Data for this task>
↓↓↓

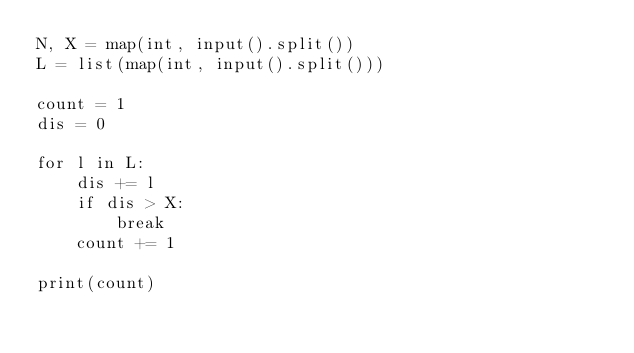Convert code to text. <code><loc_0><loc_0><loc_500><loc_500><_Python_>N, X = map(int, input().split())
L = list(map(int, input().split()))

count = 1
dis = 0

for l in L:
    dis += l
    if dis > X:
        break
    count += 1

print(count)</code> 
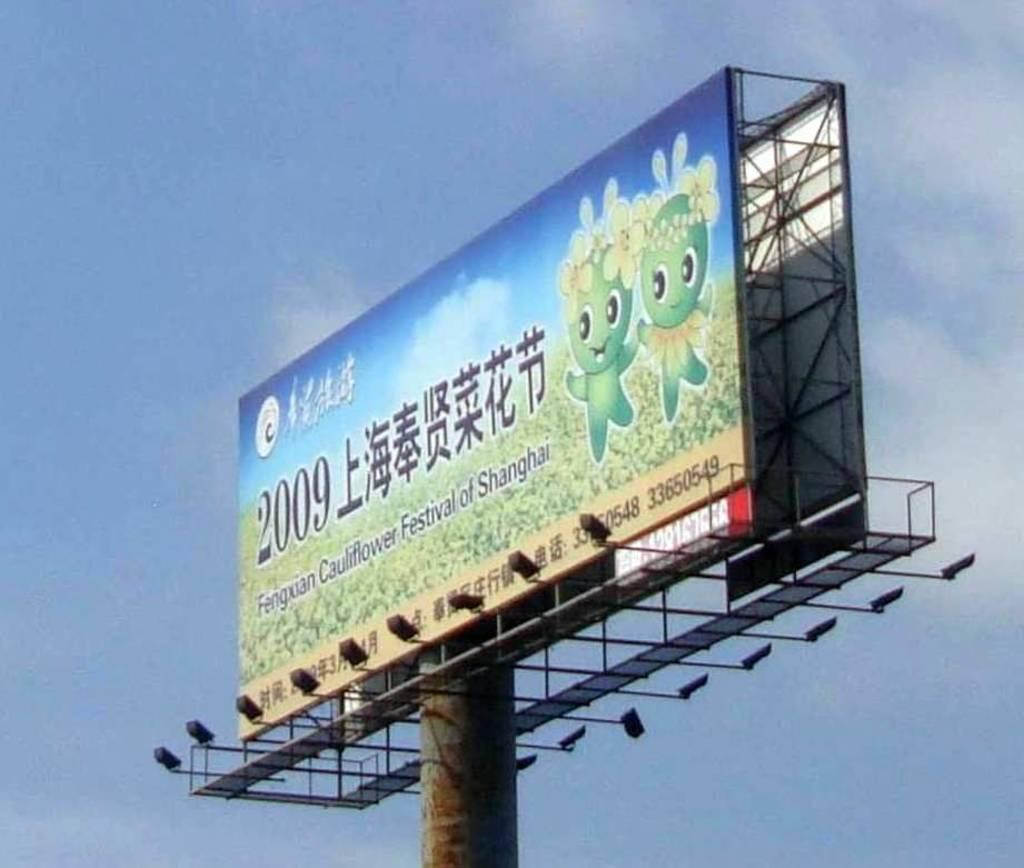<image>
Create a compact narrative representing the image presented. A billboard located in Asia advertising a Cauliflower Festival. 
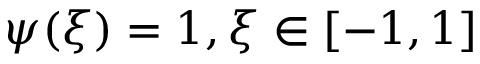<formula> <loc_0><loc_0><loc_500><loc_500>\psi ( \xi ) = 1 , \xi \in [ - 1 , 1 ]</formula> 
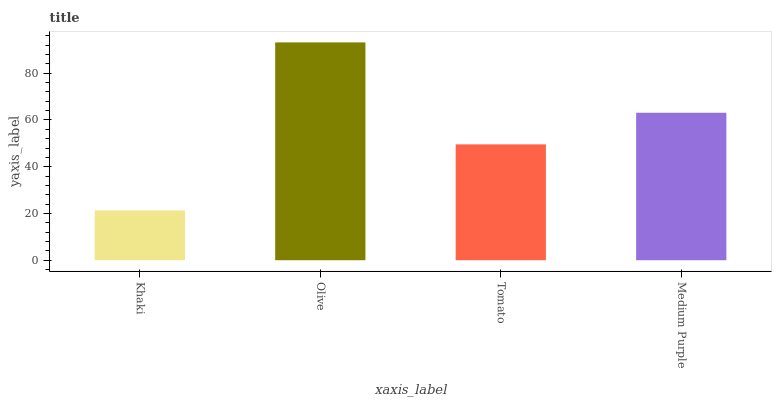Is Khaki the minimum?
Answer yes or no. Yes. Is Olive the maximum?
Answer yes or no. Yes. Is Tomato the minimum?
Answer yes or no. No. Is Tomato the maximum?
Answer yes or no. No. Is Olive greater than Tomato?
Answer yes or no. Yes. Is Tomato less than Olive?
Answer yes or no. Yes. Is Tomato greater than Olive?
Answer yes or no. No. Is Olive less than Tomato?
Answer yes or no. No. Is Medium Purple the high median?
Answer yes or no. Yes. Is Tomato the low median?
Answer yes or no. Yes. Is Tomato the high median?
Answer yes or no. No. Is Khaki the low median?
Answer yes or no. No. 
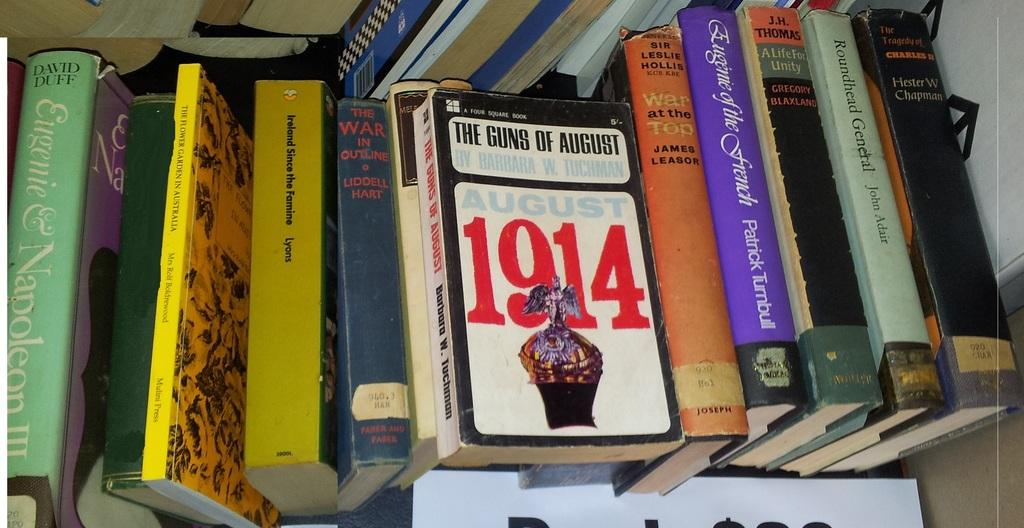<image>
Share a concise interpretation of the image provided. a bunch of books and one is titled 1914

↑↑↑

Exercise description> Would you retype exactly the lines above, from the line with "Answer yes or no. Yes. Is Olive the maximum?" to the line with "Answer yes or no. No. Is Olive less", with both end lines kept and nothing more?

Solution>
Answer yes or no. Yes. Is Olive the maximum?
Answer yes or no. Yes. Is Tomato the minimum?
Answer yes or no. No. Is Tomato the maximum?
Answer yes or no. No. Is Olive greater than Tomato?
Answer yes or no. Yes. Is Tomato less than Olive?
Answer yes or no. Yes. Is Tomato greater than Olive?
Answer yes or no. No. Is Olive less than Tomato?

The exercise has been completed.